The survey results also throw into sharp relief the lack of knowledge about, and reticence to invest in, alternative investments that can minimise risk and provide less correlated returns. According to the results:
- Most individual investors (66 percent) have little, if any, knowledge of alternatives and 43 percent said they “have no idea of what alternatives are.”
- Even though alternative investments are playing a growing role in sophisticated portfolios, less than one in five respondents (18 percent) with more than £1 million of investable assets said they understood alternative investments “very well,” while more than half (53 percent) of those with £1 million or more of investable assets conceded they had very little, if any, understanding of alternatives.
- Insufficient information is the biggest barrier to considering alternative investments, with more than one-third (37 percent) saying they don’t know enough about them. Risk is another big factor, with 28 percent conceding they are “too risky.” Concerns about performance and high fees are also significant hurdles, with 28 and 19 percent of individual investors, respectively, identifying them as barriers.
Notwithstanding these obstacles, a significant number of individual investors indicated they were willing to use alternatives, with 22 percent saying alternatives can replace traditional investments. More than 29 percent say they would be willing to allocate between one and ten percent of their portfolios to alternative investments.
The Natixis Global Asset Management U.K. Investor Insights Survey was conducted by CoreData Research and surveyed 795 adults to better understand their attitudes, behavior and sentiment in today’s investment environment. The survey was conducted in June and November of 2011.
About Natixis Global Asset Management
Natixis Global Asset Management is one of the 15 largest asset managers in the world based on assets under management.1 Its affiliated asset management companies provide investment products that seek to enhance and protect the wealth and retirement assets of both institutional and individual investor clients. Its proprietary distribution network helps package and deliver its affiliates’ products around the world. Natixis Global Asset Management brings together the expertise of multiple specialized investment managers based in Europe, the United States and Asia to offer a wide spectrum of equity, fixed-income and alternative investment strategies.

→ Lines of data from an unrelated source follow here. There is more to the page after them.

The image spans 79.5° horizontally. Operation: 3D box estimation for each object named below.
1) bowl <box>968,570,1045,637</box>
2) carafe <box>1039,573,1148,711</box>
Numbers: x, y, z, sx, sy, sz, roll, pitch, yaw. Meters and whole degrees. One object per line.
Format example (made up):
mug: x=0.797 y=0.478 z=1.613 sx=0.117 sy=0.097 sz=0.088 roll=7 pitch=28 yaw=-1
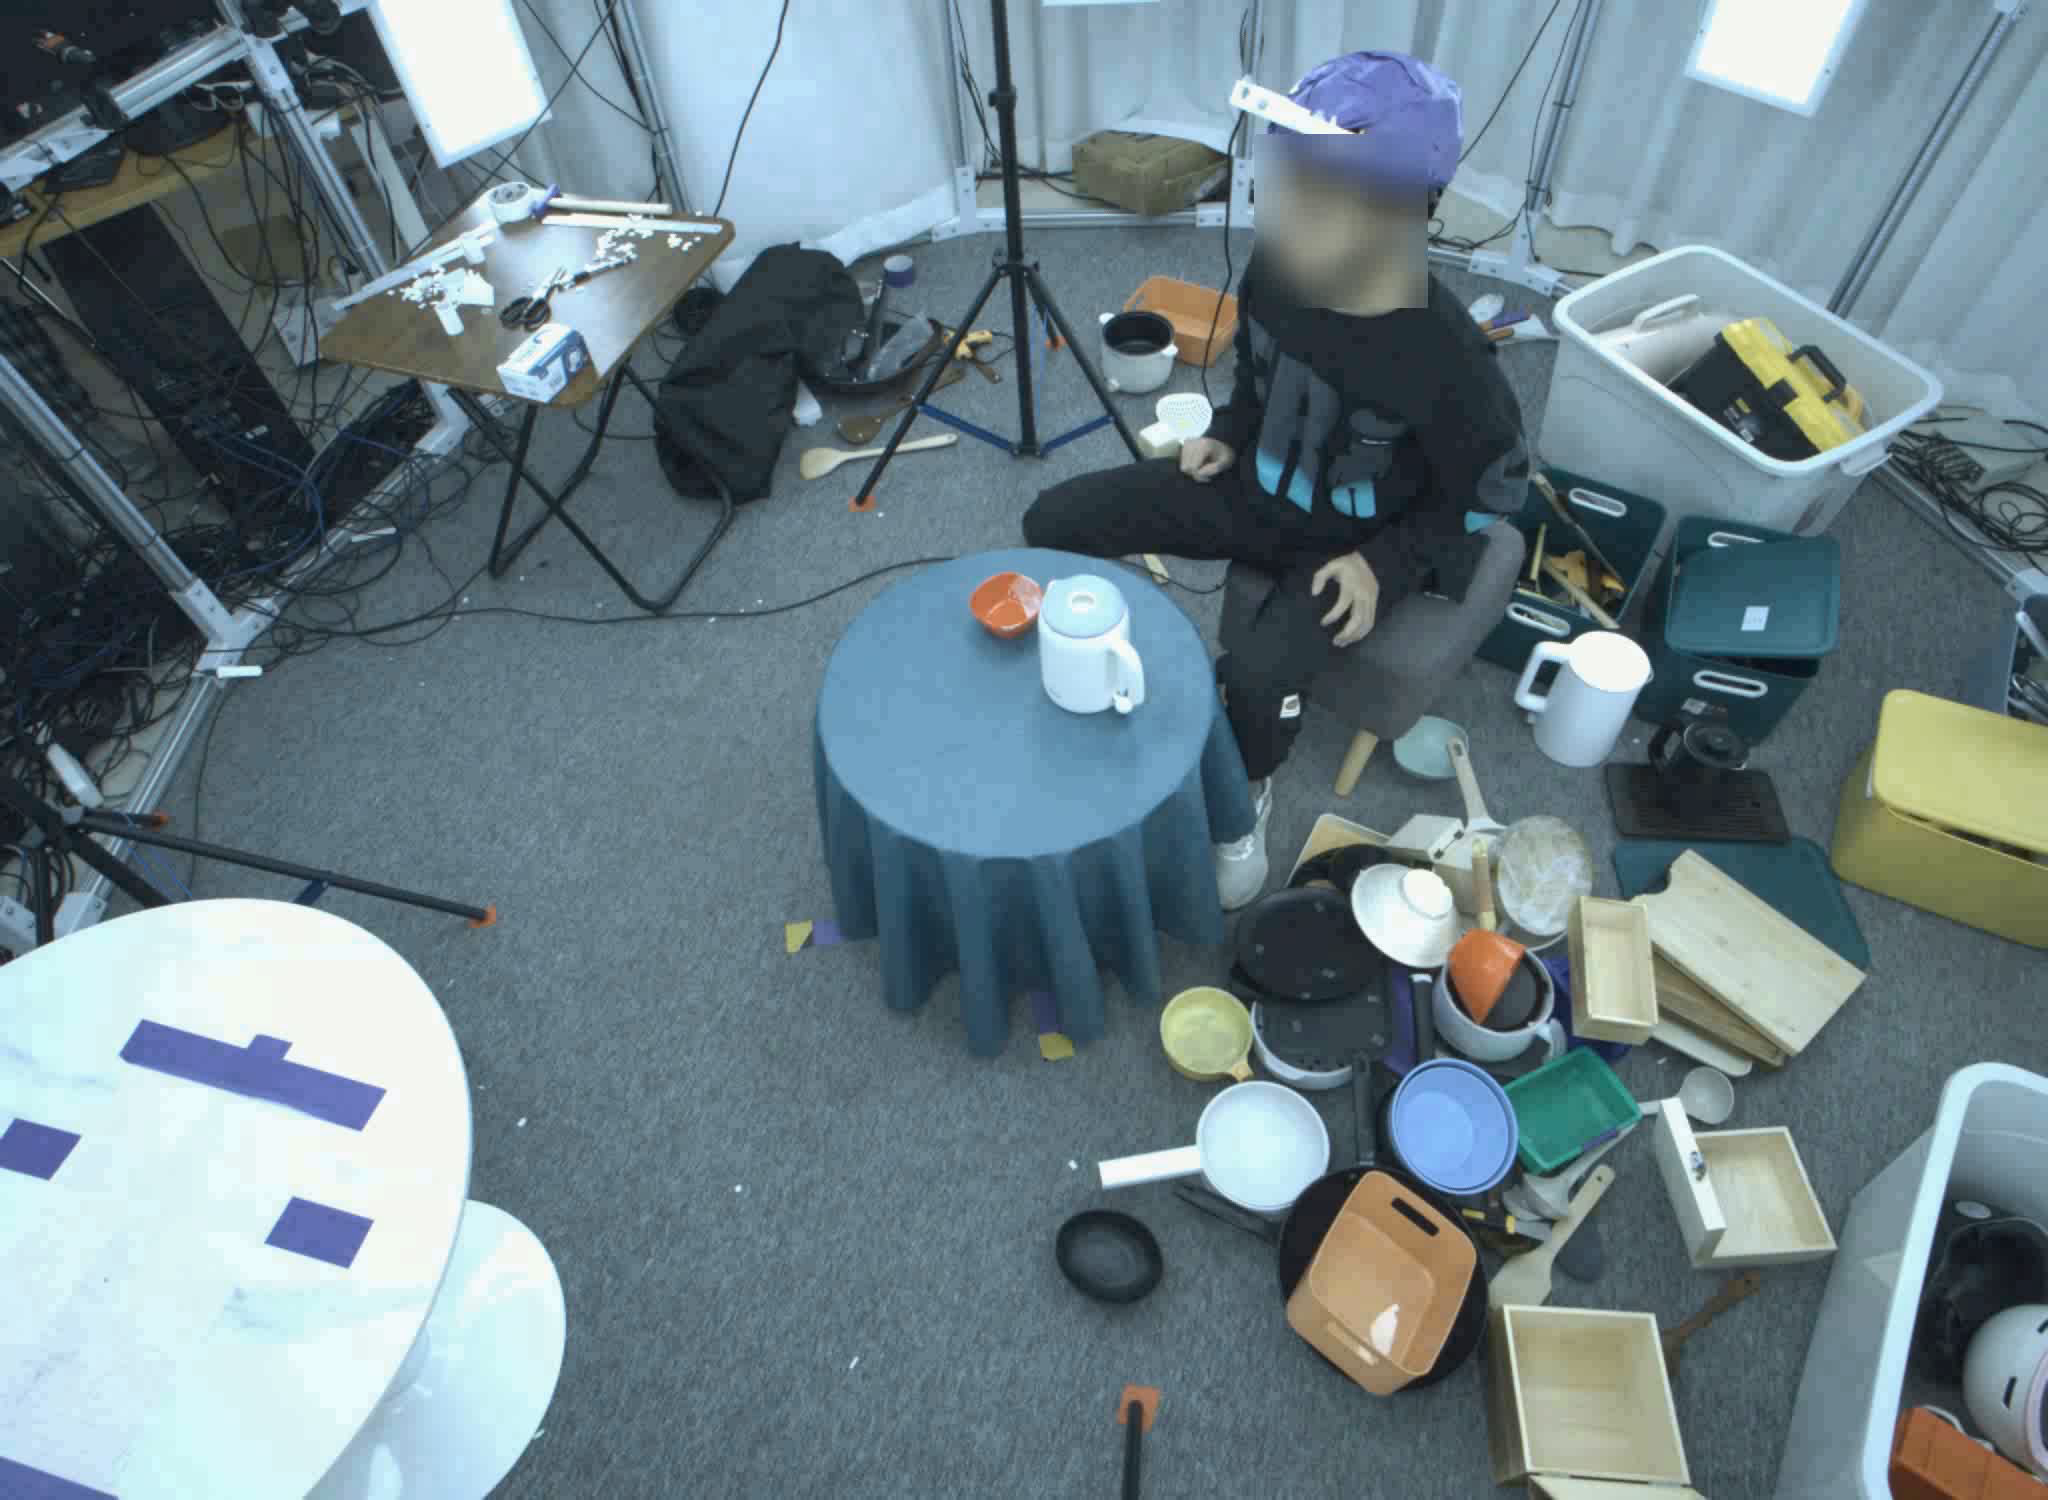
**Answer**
bowl: x=-0.025 y=-0.220 z=1.907 sx=0.118 sy=0.052 sz=0.118 roll=-2 pitch=55 yaw=4
carafe: x=0.105 y=-0.141 z=1.774 sx=0.133 sy=0.184 sz=0.188 roll=-40 pitch=64 yaw=-21

Headquartered in Paris and Boston, Natixis Global Asset Management’s assets under management are €525 billion as of September 30, 2011. Natixis Global Asset Management is part of Natixis. Listed on the Paris Stock Exchange, Natixis is a subsidiary of BPCE, the second-largest banking group in France. Natixis Global Asset Management’s affiliated investment management firms and distribution and service groups include Absolute Asia Asset Management; AEW Capital Management; AEW Europe; AlphaSimplex Group; Aurora Investment Management; Capital Growth Management; Caspian Capital Management; Darius Capital Partners; Gateway Investment Advisers; H2O Asset Management; Hansberger Global Investors; Harris Associates; Loomis, Sayles & Company; Natixis Asset Management; Natixis Global Associates; Natixis Multimanager; Ossiam; Reich & Tang Asset Management; Snyder Capital Management; and Vaughan Nelson Investment Management.
1 Cerulli Quantitative Update: Global Markets 2011, based on December 31, 2010 AUM of $713 billion.